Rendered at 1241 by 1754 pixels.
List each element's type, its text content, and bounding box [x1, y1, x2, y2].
* * *
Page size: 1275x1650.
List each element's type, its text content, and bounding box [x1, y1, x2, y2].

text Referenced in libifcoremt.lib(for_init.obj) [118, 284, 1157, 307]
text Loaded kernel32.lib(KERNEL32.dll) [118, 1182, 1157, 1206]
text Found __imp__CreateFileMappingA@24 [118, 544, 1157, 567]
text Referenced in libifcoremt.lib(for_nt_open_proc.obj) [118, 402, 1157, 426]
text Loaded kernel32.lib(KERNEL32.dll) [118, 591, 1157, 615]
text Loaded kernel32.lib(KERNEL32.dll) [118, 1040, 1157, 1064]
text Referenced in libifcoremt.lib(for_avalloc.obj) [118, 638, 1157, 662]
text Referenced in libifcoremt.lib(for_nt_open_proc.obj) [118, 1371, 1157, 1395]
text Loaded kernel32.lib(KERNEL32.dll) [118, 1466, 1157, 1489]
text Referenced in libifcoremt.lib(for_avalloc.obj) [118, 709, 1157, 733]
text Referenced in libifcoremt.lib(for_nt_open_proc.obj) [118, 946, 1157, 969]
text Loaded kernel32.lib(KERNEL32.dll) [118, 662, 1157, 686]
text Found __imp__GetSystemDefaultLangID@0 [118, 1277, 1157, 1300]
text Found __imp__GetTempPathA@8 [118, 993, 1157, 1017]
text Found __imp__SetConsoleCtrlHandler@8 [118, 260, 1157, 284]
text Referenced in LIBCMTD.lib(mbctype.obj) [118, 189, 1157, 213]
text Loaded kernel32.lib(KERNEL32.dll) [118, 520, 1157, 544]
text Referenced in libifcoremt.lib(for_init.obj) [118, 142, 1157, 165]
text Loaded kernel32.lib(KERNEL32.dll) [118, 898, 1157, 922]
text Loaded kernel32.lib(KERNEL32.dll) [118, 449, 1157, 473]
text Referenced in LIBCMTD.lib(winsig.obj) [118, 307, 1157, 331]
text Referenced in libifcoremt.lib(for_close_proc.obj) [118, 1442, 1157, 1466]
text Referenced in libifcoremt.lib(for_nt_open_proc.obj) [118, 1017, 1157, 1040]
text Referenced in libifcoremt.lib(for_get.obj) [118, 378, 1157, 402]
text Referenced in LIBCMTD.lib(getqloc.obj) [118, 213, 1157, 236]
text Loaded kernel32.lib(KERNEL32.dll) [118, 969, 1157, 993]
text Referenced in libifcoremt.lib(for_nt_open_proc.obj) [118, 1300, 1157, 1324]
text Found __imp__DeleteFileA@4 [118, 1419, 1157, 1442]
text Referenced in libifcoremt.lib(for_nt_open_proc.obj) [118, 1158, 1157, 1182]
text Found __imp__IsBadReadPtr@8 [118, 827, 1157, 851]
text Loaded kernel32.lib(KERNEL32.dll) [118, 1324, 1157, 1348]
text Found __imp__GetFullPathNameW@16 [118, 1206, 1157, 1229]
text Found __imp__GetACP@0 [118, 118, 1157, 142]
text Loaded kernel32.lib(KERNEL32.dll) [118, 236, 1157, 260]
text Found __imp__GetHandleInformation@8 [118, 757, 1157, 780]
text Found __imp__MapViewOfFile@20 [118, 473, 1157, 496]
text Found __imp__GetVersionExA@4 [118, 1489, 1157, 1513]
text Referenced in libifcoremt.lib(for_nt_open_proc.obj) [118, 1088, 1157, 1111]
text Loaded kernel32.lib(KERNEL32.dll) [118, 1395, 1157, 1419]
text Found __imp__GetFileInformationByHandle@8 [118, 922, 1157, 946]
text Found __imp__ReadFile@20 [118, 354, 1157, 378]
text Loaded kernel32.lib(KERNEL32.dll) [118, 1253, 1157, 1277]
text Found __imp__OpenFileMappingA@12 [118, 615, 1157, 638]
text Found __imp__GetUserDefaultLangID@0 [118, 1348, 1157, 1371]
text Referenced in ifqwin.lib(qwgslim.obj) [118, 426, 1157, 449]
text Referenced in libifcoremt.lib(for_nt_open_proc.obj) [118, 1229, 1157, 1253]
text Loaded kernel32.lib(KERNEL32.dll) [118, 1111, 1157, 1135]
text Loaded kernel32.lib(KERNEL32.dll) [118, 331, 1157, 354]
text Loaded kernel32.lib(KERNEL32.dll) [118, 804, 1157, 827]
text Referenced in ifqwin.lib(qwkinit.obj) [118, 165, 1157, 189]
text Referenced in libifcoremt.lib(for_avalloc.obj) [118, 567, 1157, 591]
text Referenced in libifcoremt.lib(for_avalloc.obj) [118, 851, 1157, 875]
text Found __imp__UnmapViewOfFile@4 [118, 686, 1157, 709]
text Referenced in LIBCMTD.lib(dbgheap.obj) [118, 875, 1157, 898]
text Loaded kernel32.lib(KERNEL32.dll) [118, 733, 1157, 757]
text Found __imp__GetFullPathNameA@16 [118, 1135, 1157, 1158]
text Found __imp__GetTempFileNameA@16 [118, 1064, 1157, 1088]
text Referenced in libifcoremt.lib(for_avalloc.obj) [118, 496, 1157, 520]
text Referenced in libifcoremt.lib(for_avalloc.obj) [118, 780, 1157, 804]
--
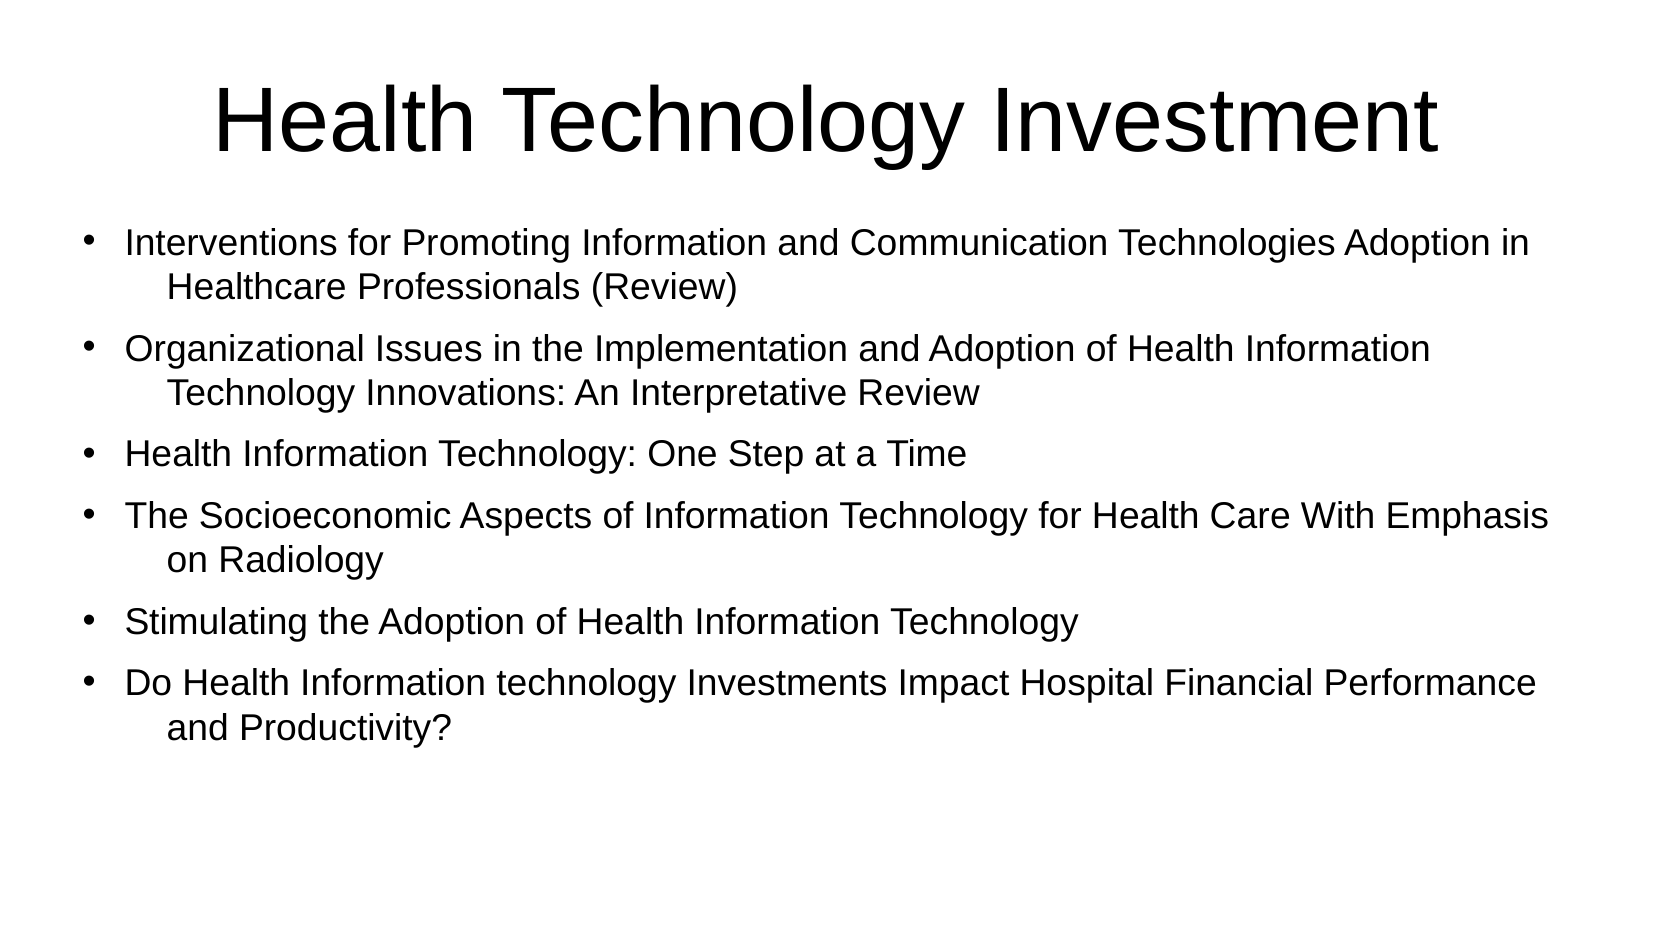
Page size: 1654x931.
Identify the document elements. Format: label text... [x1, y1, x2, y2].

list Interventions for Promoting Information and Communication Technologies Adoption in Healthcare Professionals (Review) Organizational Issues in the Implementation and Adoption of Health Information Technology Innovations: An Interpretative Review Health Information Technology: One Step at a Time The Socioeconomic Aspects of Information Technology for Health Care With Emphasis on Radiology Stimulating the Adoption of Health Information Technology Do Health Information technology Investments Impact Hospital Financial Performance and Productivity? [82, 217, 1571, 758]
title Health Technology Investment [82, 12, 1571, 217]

About this exercise
Scan the listing for the string "Page". Copy each line that has it.

Solution for this task
Page size: 1275x1650.
Page size: 1654x931.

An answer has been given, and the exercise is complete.